#### ACTIVITY
Among the entries below, retype exactly the lines starting with the one with "what does this image show?" and going on through the one with "Does Deep Sky", but not the pictures.

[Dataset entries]
•••••

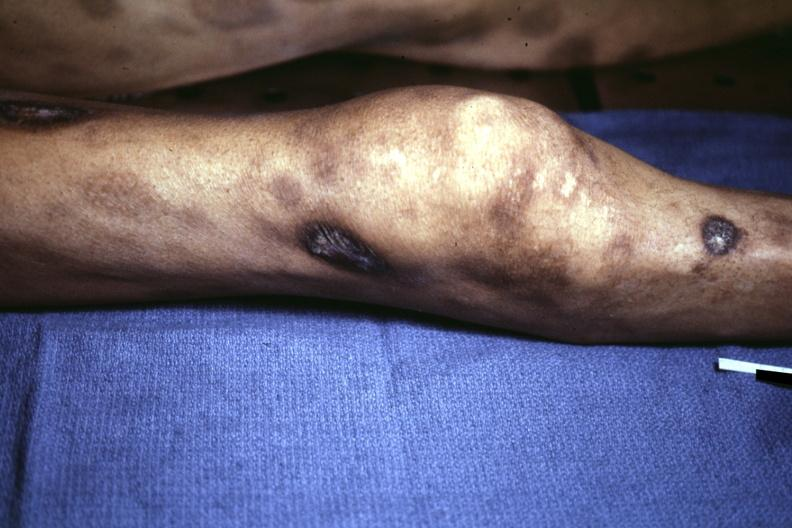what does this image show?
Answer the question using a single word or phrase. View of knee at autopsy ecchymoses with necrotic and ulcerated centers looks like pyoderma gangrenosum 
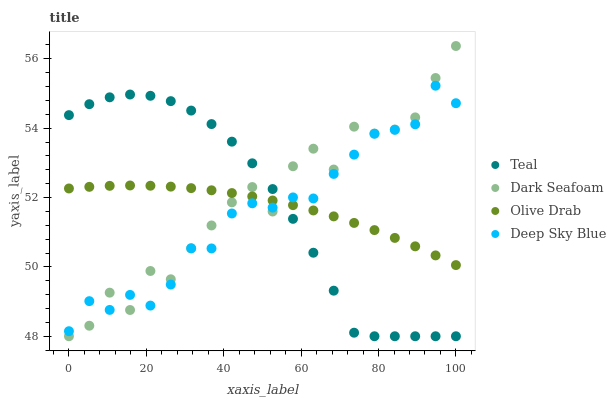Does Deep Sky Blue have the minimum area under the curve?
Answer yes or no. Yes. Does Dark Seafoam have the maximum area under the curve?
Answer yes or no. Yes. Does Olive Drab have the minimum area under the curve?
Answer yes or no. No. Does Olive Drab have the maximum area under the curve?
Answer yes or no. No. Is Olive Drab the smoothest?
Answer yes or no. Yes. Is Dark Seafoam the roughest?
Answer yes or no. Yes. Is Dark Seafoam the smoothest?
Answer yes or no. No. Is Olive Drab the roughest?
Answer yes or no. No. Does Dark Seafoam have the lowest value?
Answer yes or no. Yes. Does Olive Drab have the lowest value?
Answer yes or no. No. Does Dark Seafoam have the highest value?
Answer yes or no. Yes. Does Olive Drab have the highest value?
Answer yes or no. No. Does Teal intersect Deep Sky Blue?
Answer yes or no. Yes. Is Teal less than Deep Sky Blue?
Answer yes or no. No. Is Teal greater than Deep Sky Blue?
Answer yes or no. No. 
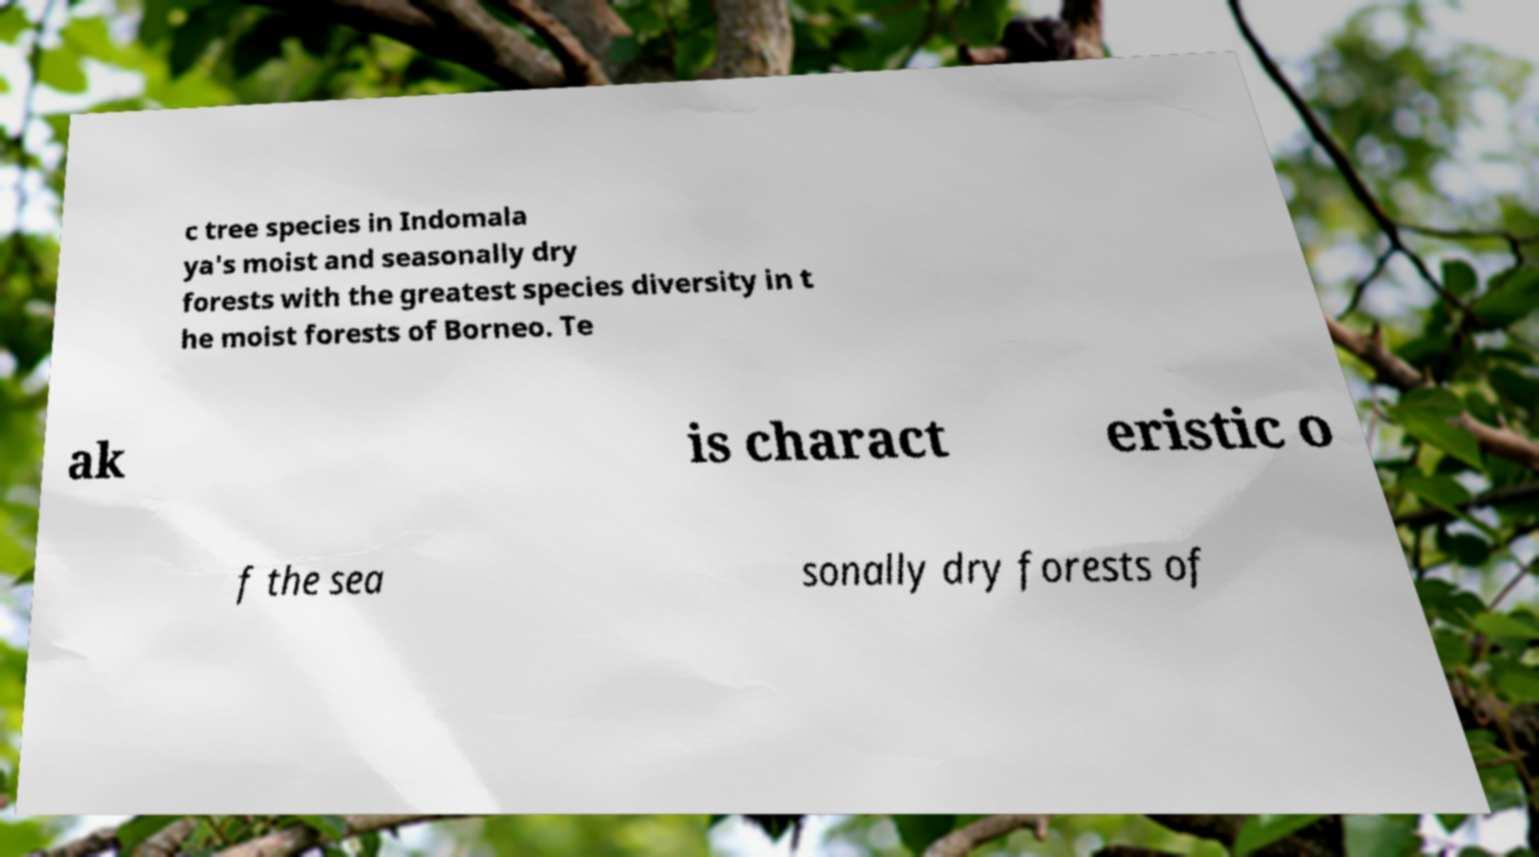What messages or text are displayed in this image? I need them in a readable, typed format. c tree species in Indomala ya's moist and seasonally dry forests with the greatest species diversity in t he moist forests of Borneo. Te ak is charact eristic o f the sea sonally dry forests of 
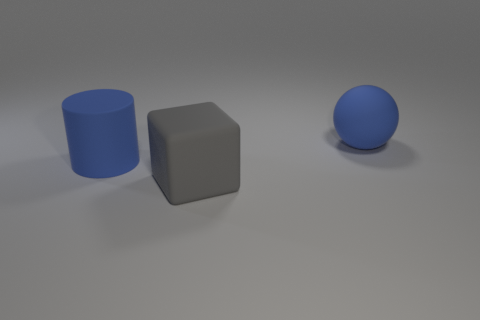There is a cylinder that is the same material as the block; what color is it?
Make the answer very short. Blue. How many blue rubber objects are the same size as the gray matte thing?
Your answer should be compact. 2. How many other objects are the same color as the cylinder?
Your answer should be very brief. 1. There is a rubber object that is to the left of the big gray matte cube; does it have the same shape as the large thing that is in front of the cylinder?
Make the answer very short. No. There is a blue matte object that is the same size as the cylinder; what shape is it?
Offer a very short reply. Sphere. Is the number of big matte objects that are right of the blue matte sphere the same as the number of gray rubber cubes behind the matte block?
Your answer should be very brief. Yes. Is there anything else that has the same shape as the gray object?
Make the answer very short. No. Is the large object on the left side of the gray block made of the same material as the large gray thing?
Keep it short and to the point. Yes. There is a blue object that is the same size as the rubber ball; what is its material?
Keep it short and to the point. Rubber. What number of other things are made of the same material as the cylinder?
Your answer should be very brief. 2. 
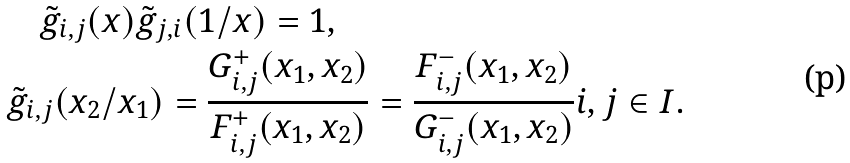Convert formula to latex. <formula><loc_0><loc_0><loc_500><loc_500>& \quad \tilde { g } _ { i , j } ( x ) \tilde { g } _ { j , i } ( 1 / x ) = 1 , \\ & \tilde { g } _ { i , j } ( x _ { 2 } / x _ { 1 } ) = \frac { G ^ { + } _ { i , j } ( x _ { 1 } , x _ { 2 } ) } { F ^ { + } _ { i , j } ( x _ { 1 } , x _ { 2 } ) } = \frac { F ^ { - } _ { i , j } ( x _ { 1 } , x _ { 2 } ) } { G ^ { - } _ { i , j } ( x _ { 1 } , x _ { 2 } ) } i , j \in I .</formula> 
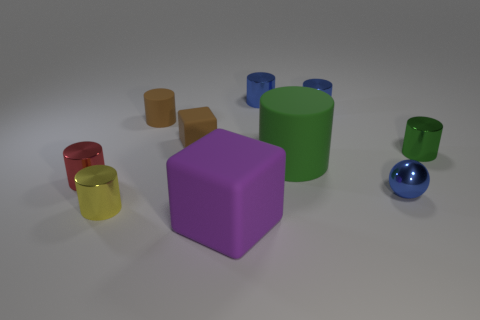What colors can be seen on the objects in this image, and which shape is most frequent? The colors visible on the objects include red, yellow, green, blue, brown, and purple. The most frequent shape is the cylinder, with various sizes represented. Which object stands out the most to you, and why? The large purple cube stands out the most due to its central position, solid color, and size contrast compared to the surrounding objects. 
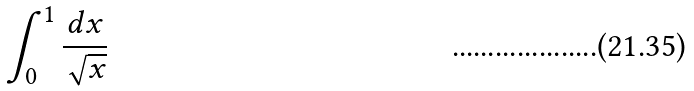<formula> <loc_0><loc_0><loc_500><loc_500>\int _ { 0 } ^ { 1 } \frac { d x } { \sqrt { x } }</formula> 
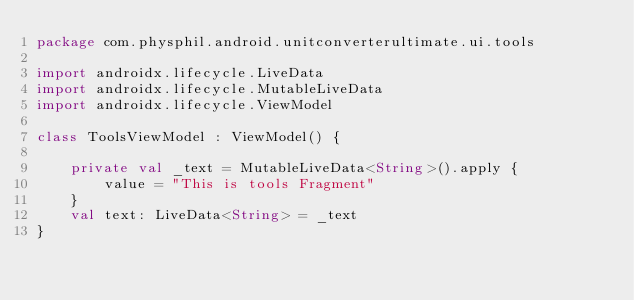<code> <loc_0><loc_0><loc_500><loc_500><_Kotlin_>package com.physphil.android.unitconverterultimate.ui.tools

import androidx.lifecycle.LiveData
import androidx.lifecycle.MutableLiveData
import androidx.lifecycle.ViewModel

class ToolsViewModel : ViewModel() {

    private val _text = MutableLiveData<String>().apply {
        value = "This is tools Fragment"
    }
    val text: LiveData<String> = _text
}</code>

•••••

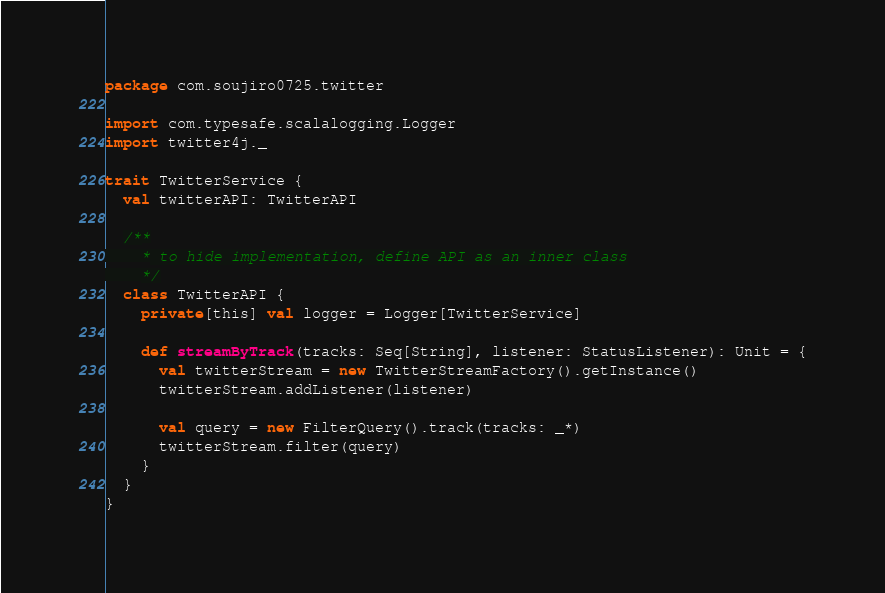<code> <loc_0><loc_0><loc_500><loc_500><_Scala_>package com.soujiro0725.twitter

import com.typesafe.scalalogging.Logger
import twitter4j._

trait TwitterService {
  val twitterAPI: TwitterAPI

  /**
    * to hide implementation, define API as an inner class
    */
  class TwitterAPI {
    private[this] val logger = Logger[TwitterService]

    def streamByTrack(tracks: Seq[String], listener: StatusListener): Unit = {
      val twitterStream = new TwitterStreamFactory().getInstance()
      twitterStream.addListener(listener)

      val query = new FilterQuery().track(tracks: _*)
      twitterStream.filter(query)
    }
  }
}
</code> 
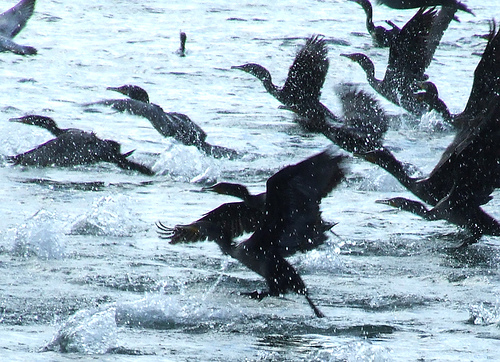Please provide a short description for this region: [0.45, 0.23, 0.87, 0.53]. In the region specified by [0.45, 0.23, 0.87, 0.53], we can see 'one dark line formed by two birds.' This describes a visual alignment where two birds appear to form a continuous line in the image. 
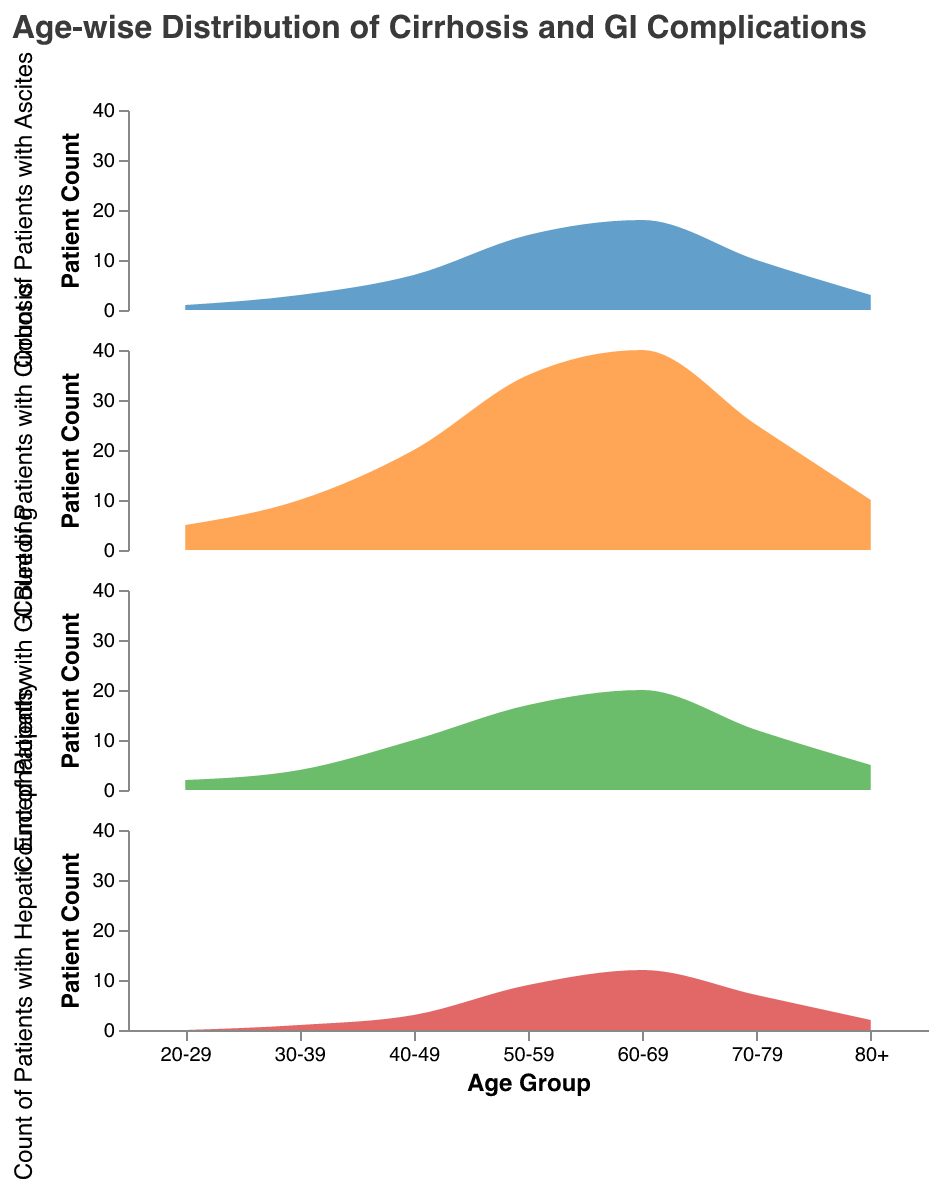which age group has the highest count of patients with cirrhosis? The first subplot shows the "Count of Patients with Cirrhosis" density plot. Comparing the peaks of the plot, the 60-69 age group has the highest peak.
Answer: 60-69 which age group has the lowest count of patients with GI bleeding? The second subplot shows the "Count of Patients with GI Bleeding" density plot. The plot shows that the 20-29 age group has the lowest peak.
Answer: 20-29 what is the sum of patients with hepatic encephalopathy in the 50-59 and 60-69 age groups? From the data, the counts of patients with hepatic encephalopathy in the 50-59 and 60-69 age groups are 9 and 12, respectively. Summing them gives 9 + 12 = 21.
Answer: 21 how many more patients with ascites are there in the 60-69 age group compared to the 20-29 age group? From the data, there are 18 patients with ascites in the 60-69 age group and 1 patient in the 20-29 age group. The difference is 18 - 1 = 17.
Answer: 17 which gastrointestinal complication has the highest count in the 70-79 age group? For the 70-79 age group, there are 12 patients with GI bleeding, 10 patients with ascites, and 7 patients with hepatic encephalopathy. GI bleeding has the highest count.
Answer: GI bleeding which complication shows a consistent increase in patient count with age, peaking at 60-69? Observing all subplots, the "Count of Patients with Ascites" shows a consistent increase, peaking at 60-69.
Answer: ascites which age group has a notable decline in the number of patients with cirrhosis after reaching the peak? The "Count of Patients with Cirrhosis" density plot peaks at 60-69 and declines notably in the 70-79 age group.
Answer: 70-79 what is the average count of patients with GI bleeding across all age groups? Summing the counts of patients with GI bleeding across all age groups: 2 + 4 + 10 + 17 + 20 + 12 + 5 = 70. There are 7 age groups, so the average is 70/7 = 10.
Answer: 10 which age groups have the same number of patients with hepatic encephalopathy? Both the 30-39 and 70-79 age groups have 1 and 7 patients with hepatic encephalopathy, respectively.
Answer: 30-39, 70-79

•••••

#### ANSWER BOX
what does this image show?
Answer the question using a single word or phrase. View of knee at autopsy ecchymoses with necrotic and ulcerated centers looks like pyoderma gangrenosum 
Does Deep Sky Blue have the minimum area under the curve?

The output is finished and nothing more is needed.